(Beginning of Data under study)

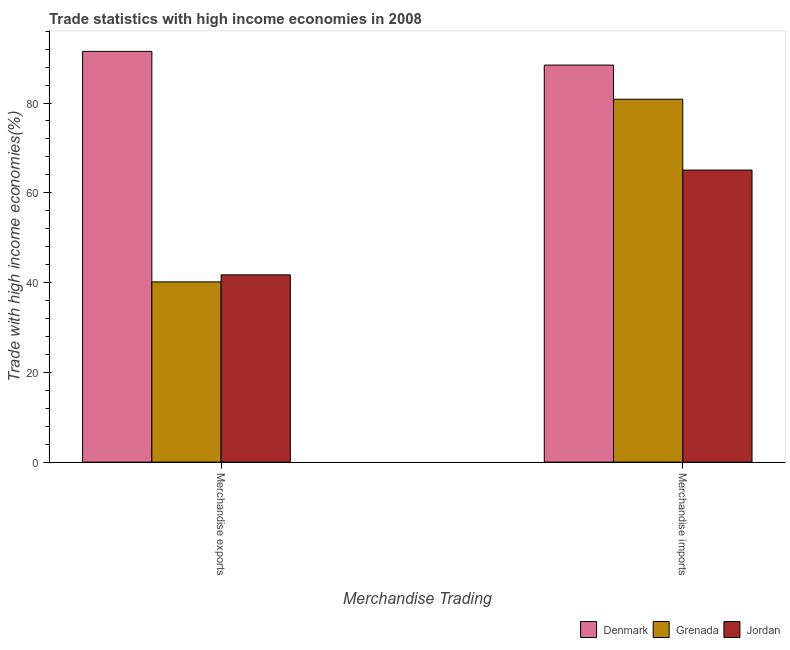Are the number of bars per tick equal to the number of legend labels?
Your answer should be compact. Yes. How many bars are there on the 2nd tick from the left?
Your response must be concise. 3. What is the merchandise imports in Jordan?
Offer a very short reply. 65.06. Across all countries, what is the maximum merchandise exports?
Provide a short and direct response. 91.5. Across all countries, what is the minimum merchandise imports?
Make the answer very short. 65.06. In which country was the merchandise imports minimum?
Keep it short and to the point. Jordan. What is the total merchandise exports in the graph?
Ensure brevity in your answer.  173.37. What is the difference between the merchandise imports in Grenada and that in Denmark?
Keep it short and to the point. -7.6. What is the difference between the merchandise exports in Denmark and the merchandise imports in Jordan?
Provide a short and direct response. 26.44. What is the average merchandise imports per country?
Your answer should be compact. 78.12. What is the difference between the merchandise exports and merchandise imports in Jordan?
Provide a short and direct response. -23.35. In how many countries, is the merchandise imports greater than 8 %?
Keep it short and to the point. 3. What is the ratio of the merchandise imports in Grenada to that in Jordan?
Keep it short and to the point. 1.24. In how many countries, is the merchandise imports greater than the average merchandise imports taken over all countries?
Your response must be concise. 2. What does the 3rd bar from the left in Merchandise imports represents?
Provide a succinct answer. Jordan. What does the 2nd bar from the right in Merchandise exports represents?
Your response must be concise. Grenada. What is the difference between two consecutive major ticks on the Y-axis?
Offer a terse response. 20. Does the graph contain any zero values?
Offer a terse response. No. How many legend labels are there?
Provide a short and direct response. 3. What is the title of the graph?
Offer a terse response. Trade statistics with high income economies in 2008. What is the label or title of the X-axis?
Provide a succinct answer. Merchandise Trading. What is the label or title of the Y-axis?
Keep it short and to the point. Trade with high income economies(%). What is the Trade with high income economies(%) in Denmark in Merchandise exports?
Offer a terse response. 91.5. What is the Trade with high income economies(%) of Grenada in Merchandise exports?
Provide a short and direct response. 40.15. What is the Trade with high income economies(%) of Jordan in Merchandise exports?
Provide a succinct answer. 41.71. What is the Trade with high income economies(%) of Denmark in Merchandise imports?
Your answer should be compact. 88.44. What is the Trade with high income economies(%) in Grenada in Merchandise imports?
Your answer should be compact. 80.84. What is the Trade with high income economies(%) of Jordan in Merchandise imports?
Make the answer very short. 65.06. Across all Merchandise Trading, what is the maximum Trade with high income economies(%) of Denmark?
Give a very brief answer. 91.5. Across all Merchandise Trading, what is the maximum Trade with high income economies(%) of Grenada?
Provide a short and direct response. 80.84. Across all Merchandise Trading, what is the maximum Trade with high income economies(%) in Jordan?
Ensure brevity in your answer.  65.06. Across all Merchandise Trading, what is the minimum Trade with high income economies(%) of Denmark?
Ensure brevity in your answer.  88.44. Across all Merchandise Trading, what is the minimum Trade with high income economies(%) in Grenada?
Give a very brief answer. 40.15. Across all Merchandise Trading, what is the minimum Trade with high income economies(%) of Jordan?
Provide a succinct answer. 41.71. What is the total Trade with high income economies(%) of Denmark in the graph?
Your answer should be compact. 179.95. What is the total Trade with high income economies(%) in Grenada in the graph?
Ensure brevity in your answer.  120.99. What is the total Trade with high income economies(%) in Jordan in the graph?
Offer a terse response. 106.77. What is the difference between the Trade with high income economies(%) of Denmark in Merchandise exports and that in Merchandise imports?
Ensure brevity in your answer.  3.06. What is the difference between the Trade with high income economies(%) of Grenada in Merchandise exports and that in Merchandise imports?
Your answer should be compact. -40.69. What is the difference between the Trade with high income economies(%) of Jordan in Merchandise exports and that in Merchandise imports?
Ensure brevity in your answer.  -23.35. What is the difference between the Trade with high income economies(%) of Denmark in Merchandise exports and the Trade with high income economies(%) of Grenada in Merchandise imports?
Make the answer very short. 10.66. What is the difference between the Trade with high income economies(%) in Denmark in Merchandise exports and the Trade with high income economies(%) in Jordan in Merchandise imports?
Your answer should be compact. 26.44. What is the difference between the Trade with high income economies(%) in Grenada in Merchandise exports and the Trade with high income economies(%) in Jordan in Merchandise imports?
Ensure brevity in your answer.  -24.91. What is the average Trade with high income economies(%) in Denmark per Merchandise Trading?
Keep it short and to the point. 89.97. What is the average Trade with high income economies(%) of Grenada per Merchandise Trading?
Provide a succinct answer. 60.5. What is the average Trade with high income economies(%) of Jordan per Merchandise Trading?
Give a very brief answer. 53.39. What is the difference between the Trade with high income economies(%) in Denmark and Trade with high income economies(%) in Grenada in Merchandise exports?
Your answer should be compact. 51.35. What is the difference between the Trade with high income economies(%) of Denmark and Trade with high income economies(%) of Jordan in Merchandise exports?
Offer a very short reply. 49.79. What is the difference between the Trade with high income economies(%) of Grenada and Trade with high income economies(%) of Jordan in Merchandise exports?
Ensure brevity in your answer.  -1.56. What is the difference between the Trade with high income economies(%) in Denmark and Trade with high income economies(%) in Grenada in Merchandise imports?
Give a very brief answer. 7.6. What is the difference between the Trade with high income economies(%) of Denmark and Trade with high income economies(%) of Jordan in Merchandise imports?
Your response must be concise. 23.38. What is the difference between the Trade with high income economies(%) in Grenada and Trade with high income economies(%) in Jordan in Merchandise imports?
Your response must be concise. 15.78. What is the ratio of the Trade with high income economies(%) of Denmark in Merchandise exports to that in Merchandise imports?
Your answer should be very brief. 1.03. What is the ratio of the Trade with high income economies(%) in Grenada in Merchandise exports to that in Merchandise imports?
Ensure brevity in your answer.  0.5. What is the ratio of the Trade with high income economies(%) of Jordan in Merchandise exports to that in Merchandise imports?
Provide a succinct answer. 0.64. What is the difference between the highest and the second highest Trade with high income economies(%) of Denmark?
Offer a terse response. 3.06. What is the difference between the highest and the second highest Trade with high income economies(%) in Grenada?
Offer a very short reply. 40.69. What is the difference between the highest and the second highest Trade with high income economies(%) of Jordan?
Keep it short and to the point. 23.35. What is the difference between the highest and the lowest Trade with high income economies(%) of Denmark?
Offer a terse response. 3.06. What is the difference between the highest and the lowest Trade with high income economies(%) in Grenada?
Your answer should be very brief. 40.69. What is the difference between the highest and the lowest Trade with high income economies(%) of Jordan?
Give a very brief answer. 23.35. 
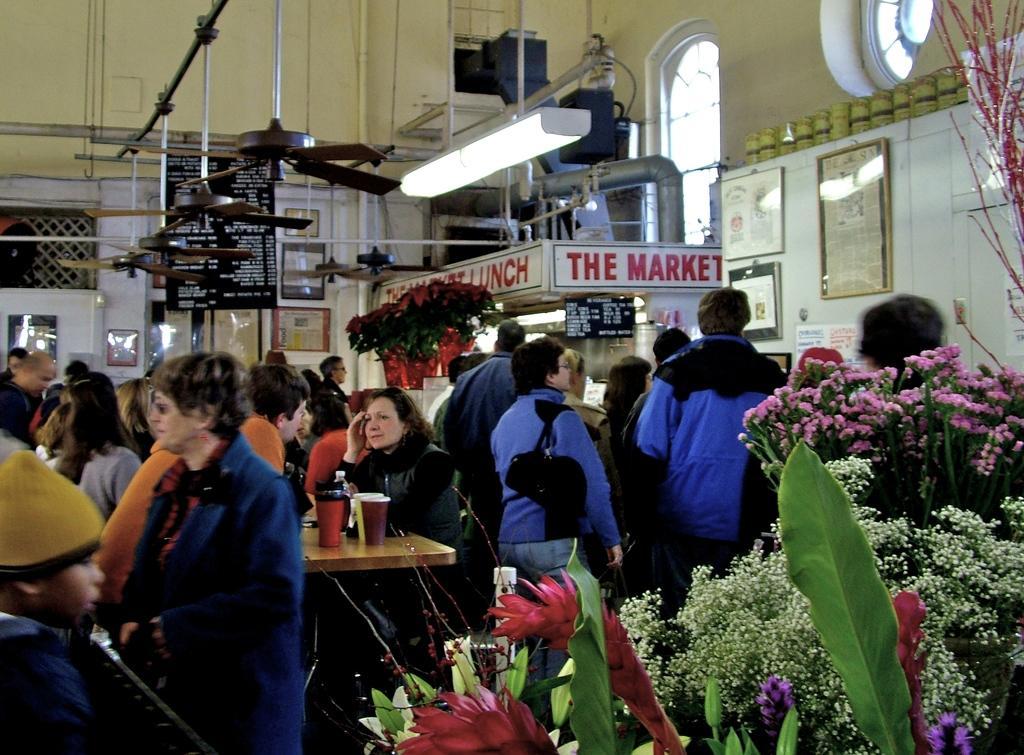Describe this image in one or two sentences. In this image there are group of persons standing, there are persons sitting, there are persons truncated towards the left of the image, there are flowers truncated towards the bottom of the image, there are plants truncated towards the right of the image, there is a table, there are objects on the table, there are fans, there are lights, there are boards, there is text on the boards, there are photo frames, there is wall truncated towards the top of the image, there is wall truncated towards the left of the image, there are objects on the wall, there is wall truncated towards the right of the image.

(End of Data under study)

*Work to be completed*
The expected answer is the lines from the one that has "highest Trade with high income economies(%) in Grenada?" to the end of the listing, transcribed exactly, with pictures left out and no other line added.

*Answer box*
Offer a terse response. 3.06. What is the difference between the highest and the second highest Trade with high income economies(%) in Grenada?
Offer a very short reply. 40.69. What is the difference between the highest and the second highest Trade with high income economies(%) of Jordan?
Keep it short and to the point. 23.35. What is the difference between the highest and the lowest Trade with high income economies(%) of Denmark?
Offer a terse response. 3.06. What is the difference between the highest and the lowest Trade with high income economies(%) in Grenada?
Your answer should be very brief. 40.69. What is the difference between the highest and the lowest Trade with high income economies(%) of Jordan?
Give a very brief answer. 23.35. 
Describe this image in one or two sentences. In this image there are group of persons standing, there are persons sitting, there are persons truncated towards the left of the image, there are flowers truncated towards the bottom of the image, there are plants truncated towards the right of the image, there is a table, there are objects on the table, there are fans, there are lights, there are boards, there is text on the boards, there are photo frames, there is wall truncated towards the top of the image, there is wall truncated towards the left of the image, there are objects on the wall, there is wall truncated towards the right of the image.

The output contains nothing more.